Republicans, who have much more control over the reclassification at the national level than Democrats, defend their cards as legal and fair, and give several reasons.
Kirk Smith, Republican chairman of the Lee County board of directors, said that “to say that only a person of a particular racial or ethnic group can represent only a person of the same racial or ethnic group is all the hallmarks of ethnocentric racism.” .”
In North Carolina and elsewhere, Republicans say their new maps are race-blind, meaning officials didn’t use racial data when designing the maps and therefore couldn’t draw racially discriminatory districts because they had no idea where communities of color were.
“During the 2011 reclassification process, lawmakers took race into account when drafting districts,” Ralph Hise, a Republican senator in North Carolina, said in a statement. Through a spokesperson, he declined to answer specific questions, citing pending lawsuits.
His statement continued: “We were subsequently charged with considering race and ordered to sign new districts.

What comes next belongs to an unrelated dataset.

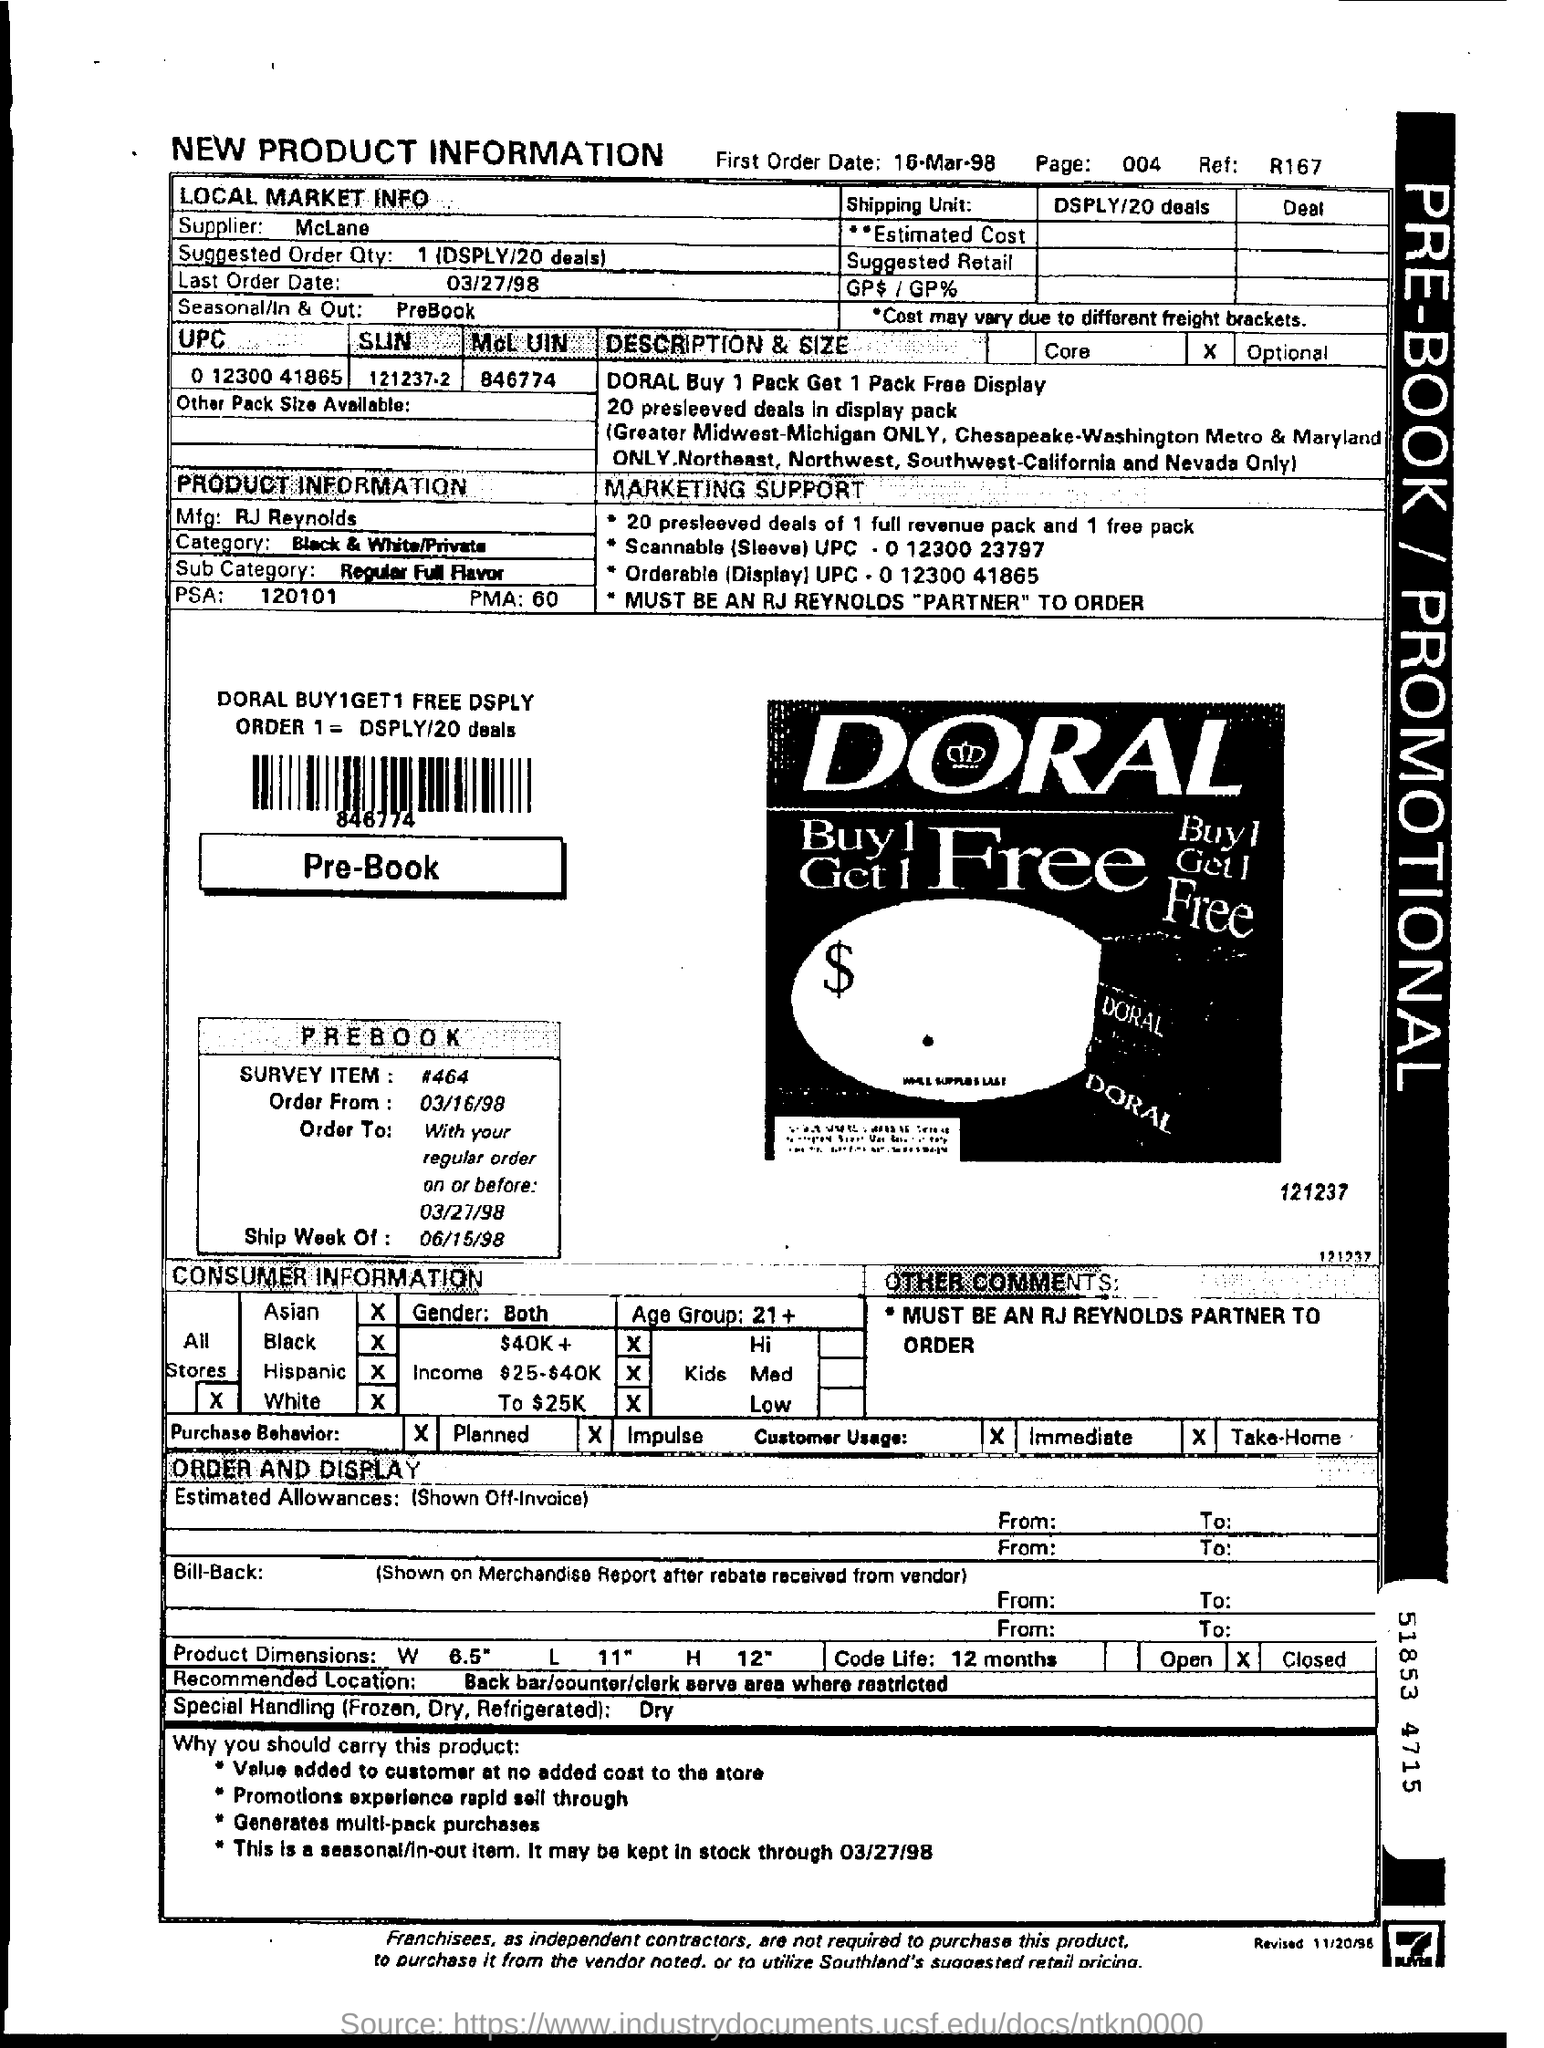Point out several critical features in this image. The manufacturer of the product is RJ Reynolds. The PMA number of the product is 60. What is the recommended order quantity? This information is displayed on deal 20. The product belongs to the category of Black & White/Private. The first order date is March 16, 1998. 
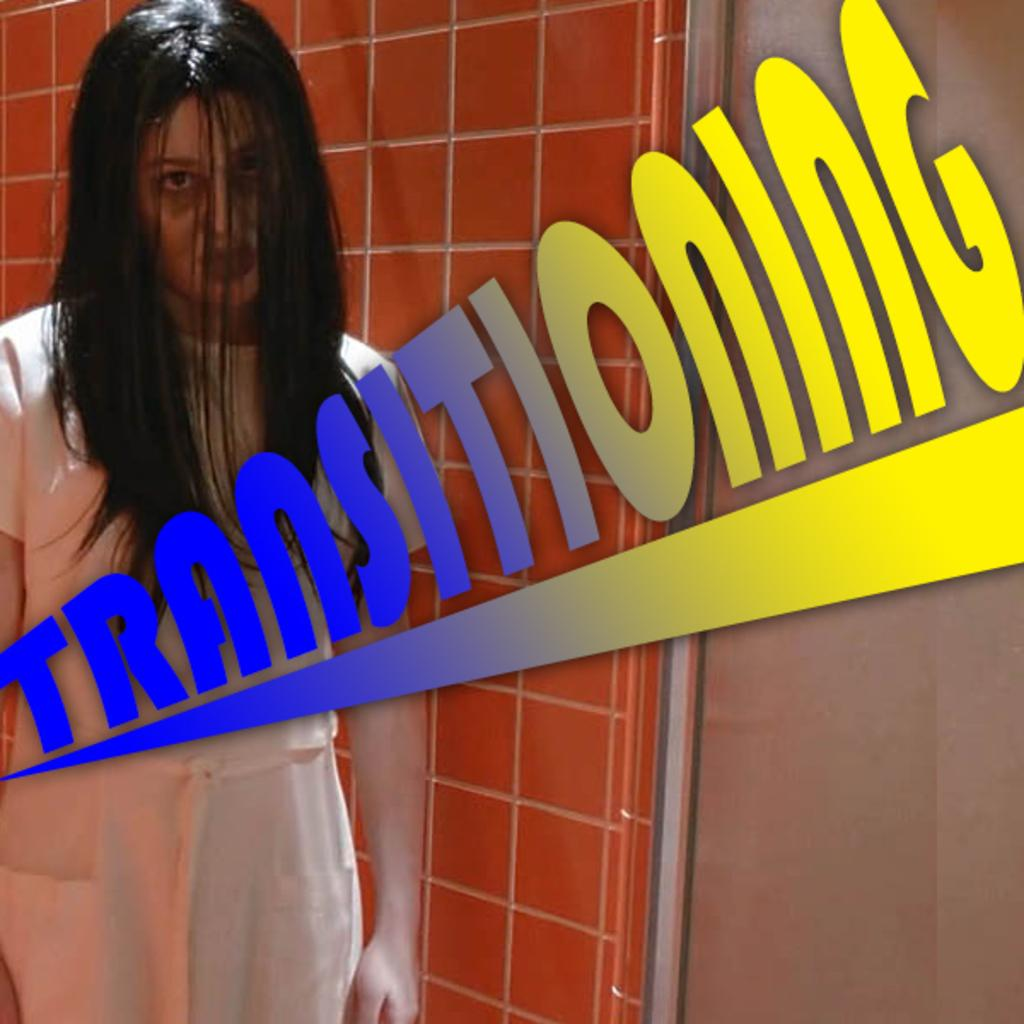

So during this process, lawmakers have not used racial data when drawing districts, and we are now being sued for not taking race into account.”
In other states, mapmakers have refused to add new districts with a majority of people of color, even though minority populations have skyrocketed. In Texas, where the population has increased by four million since the 2010 reclassification cycle, people of color are responsible for more than 95 percent of the growth, but the state legislature has won two new congressional seats with a majority of white populations.
And in states like Alabama and South Carolina, Republican mappers continue a decades-long tradition of packing nearly all blacks of voting age into one congressional district, despite voter arguments to create two separate districts. In Louisiana, Governor John Bel Edwards, a Democrat, said Thursday that the Republican-controlled state legislature should draw a second majority: the Black House district.